(Beginning of PROVIDED DATA)

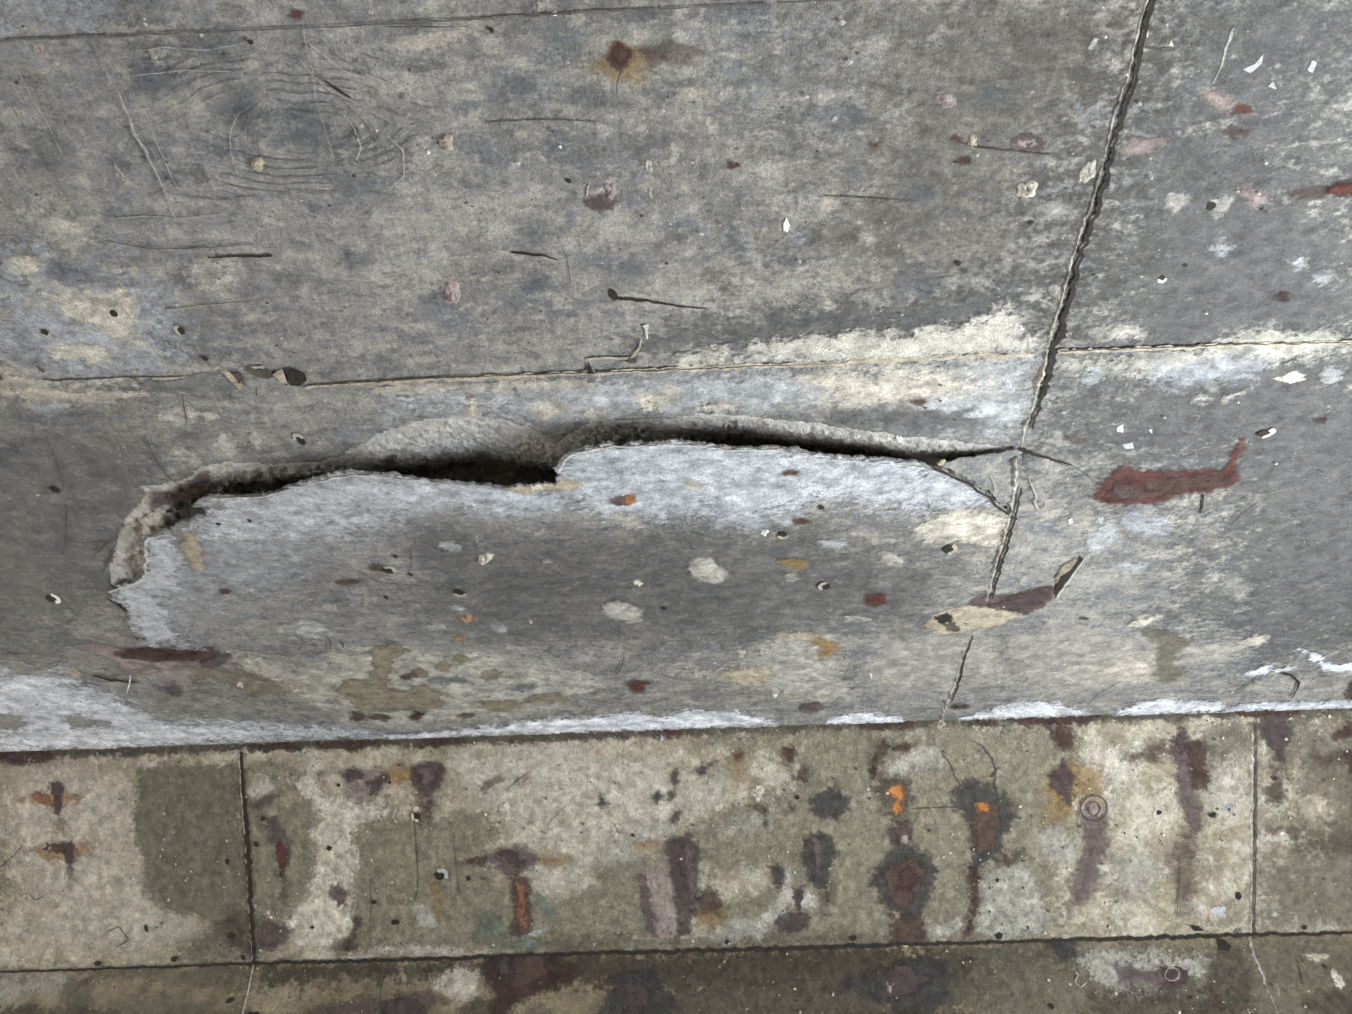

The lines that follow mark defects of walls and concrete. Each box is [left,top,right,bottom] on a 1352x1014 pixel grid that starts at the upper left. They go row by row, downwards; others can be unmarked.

crack [1018,0,1172,483]
spalling [108,413,1023,593]
crack [684,429,1023,599]
rust [1088,438,1247,507]
crack [1199,464,1243,514]
crack [952,636,973,701]
spalling [924,604,1022,635]
crack [1236,672,1335,703]
rust [631,833,728,943]
rust [859,721,939,946]
rust [951,778,1018,936]
rust [1125,726,1212,863]

(End of PROVIDED DATA)

▶ **TASK DIRECTIONS**
The records above should be reproduced exactly, with the pictures omitted.

▶ **ANSWER BOX**
The lines that follow mark defects of walls and concrete. Each box is [left,top,right,bottom] on a 1352x1014 pixel grid that starts at the upper left. They go row by row, downwards; others can be unmarked.

crack [1018,0,1172,483]
spalling [108,413,1023,593]
crack [684,429,1023,599]
rust [1088,438,1247,507]
crack [1199,464,1243,514]
crack [952,636,973,701]
spalling [924,604,1022,635]
crack [1236,672,1335,703]
rust [631,833,728,943]
rust [859,721,939,946]
rust [951,778,1018,936]
rust [1125,726,1212,863]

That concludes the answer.